Городская площадь была пуста.
Свечение газовых ламп осветило неправильные серые камни мостовой,
вот и она,
Стефания,
возвратившись в глубину комнаты,
кресалом зажгла лучину.
Сноп почти прозрачной деревянной щепы из соснового пня загорелся, словно шахтерский факел. Стефания спустила связку тонко иссеченной щепы, полной смолы, на широкое медное блюдо, где та продолжила гореть постоянным пламенем, в котором крылся необычайно приятный запах. Сосновый аромат отгонял злых духов и упорную мошкару. Оберегал дом.
Стефания поцеловала деревянный крест, что висел у нее на шее на тонком кожаном шнурке. То был подарок от Рафаила – инока из Хиландара, который по Банату собирал писанию.

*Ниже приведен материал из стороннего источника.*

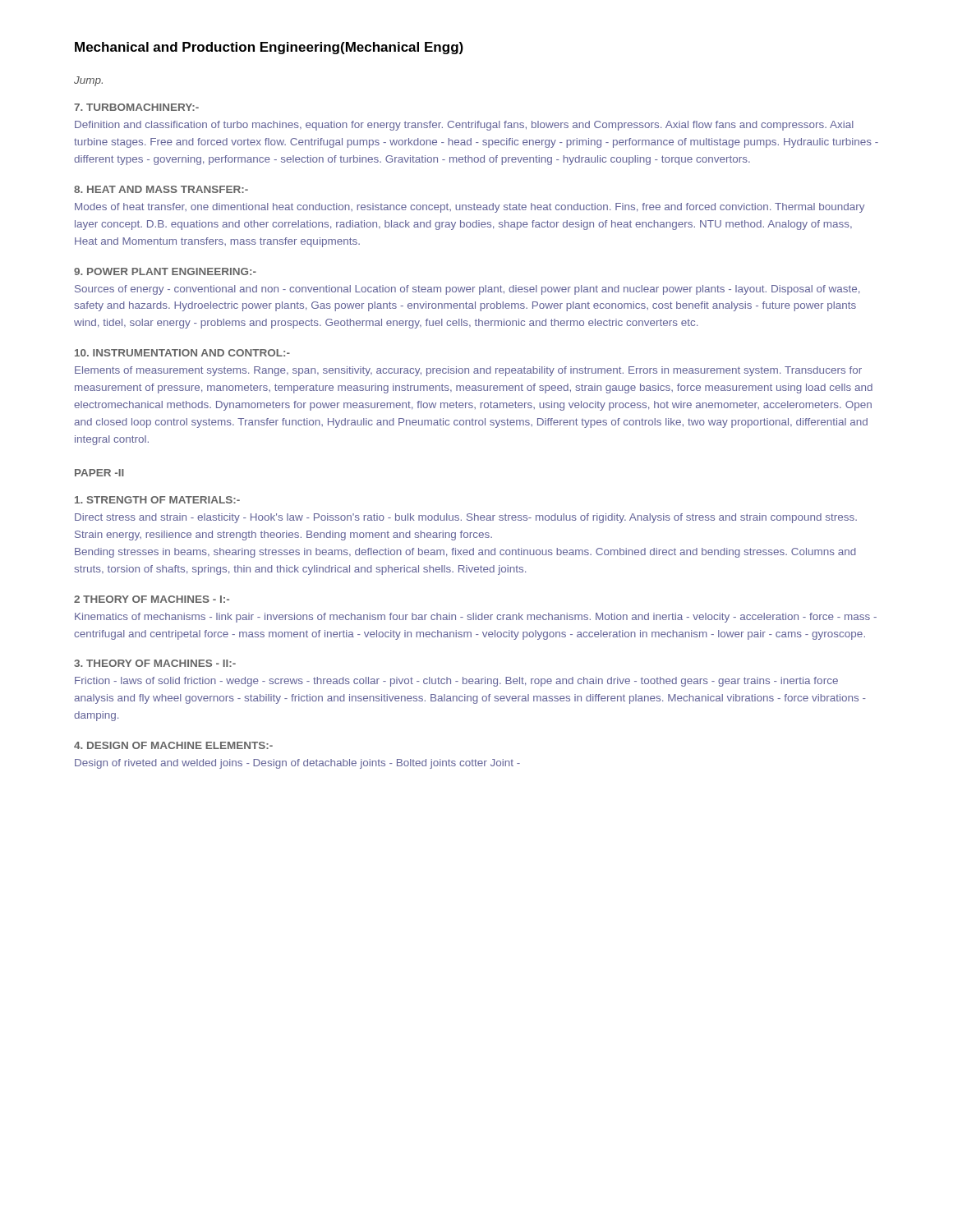Image resolution: width=953 pixels, height=1232 pixels.
Task: Point to the passage starting "Modes of heat transfer, one dimentional"
Action: (x=469, y=224)
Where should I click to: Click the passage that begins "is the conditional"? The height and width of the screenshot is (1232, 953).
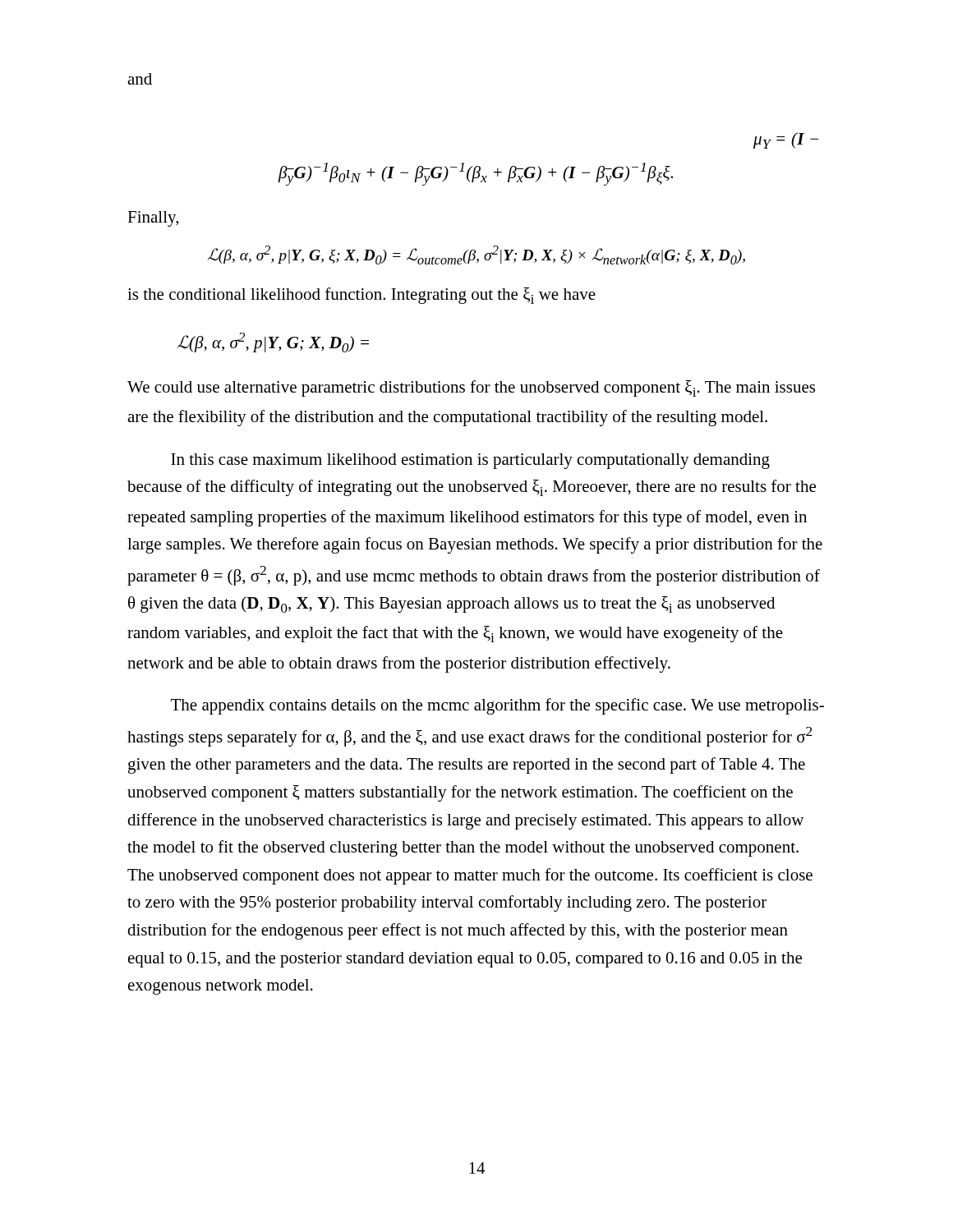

Когда Рафаил появился в дверях ее дома, она ввела его в свое жилище, накормила хлебом и сыром, предложила стакан вина и дала богатое пожертвование на афонский монастырь. Монах Рафаил поблагодарил Бога, взял деньги, записал ее имя и подарил ей крест. Никогда больше она не видела этого человека в потертой черной рясе, хотя слышала многочисленные истории о молодом монахе, который внезапно появился во дворе церкви в Граднулице и начал чудесным образом излечивать народ от разных недугов. Стефания не проверяла, тот же ли это человек, чей дар она носила на шее, ибо у нее не было необходимости гнаться за здоровьем или частицами счастья, да и город Бечкерек был в нескольких часах удаленности от комнат ее покоя.
– Смерть всегда здесь, над тобой, – сказала Стефания и легла в просторную кровать, веря, что увидит во сне Христифора Релина.
Он приходился ей братом —
по отцу.
Атанасие Релин, человек, которого Стефания называла отцом, был военным. Капитан конного регимента на службе у kaiserlich und koniglich монархии. В глазах он носил пламя, а в сердце – обильный гнев на распутницу-судьбу – участь наемника и вечного бродяги. Когда случались дни без битвы, без запаха пороха, продолжительной скачки верхом, боли в спине, крови и страдания, без запаха гари, грязи во рту и воды в башмаках, его часы пропадали в затхлых кабаках, где он напивался до беспамятства и тратил награбленные доказательства побед.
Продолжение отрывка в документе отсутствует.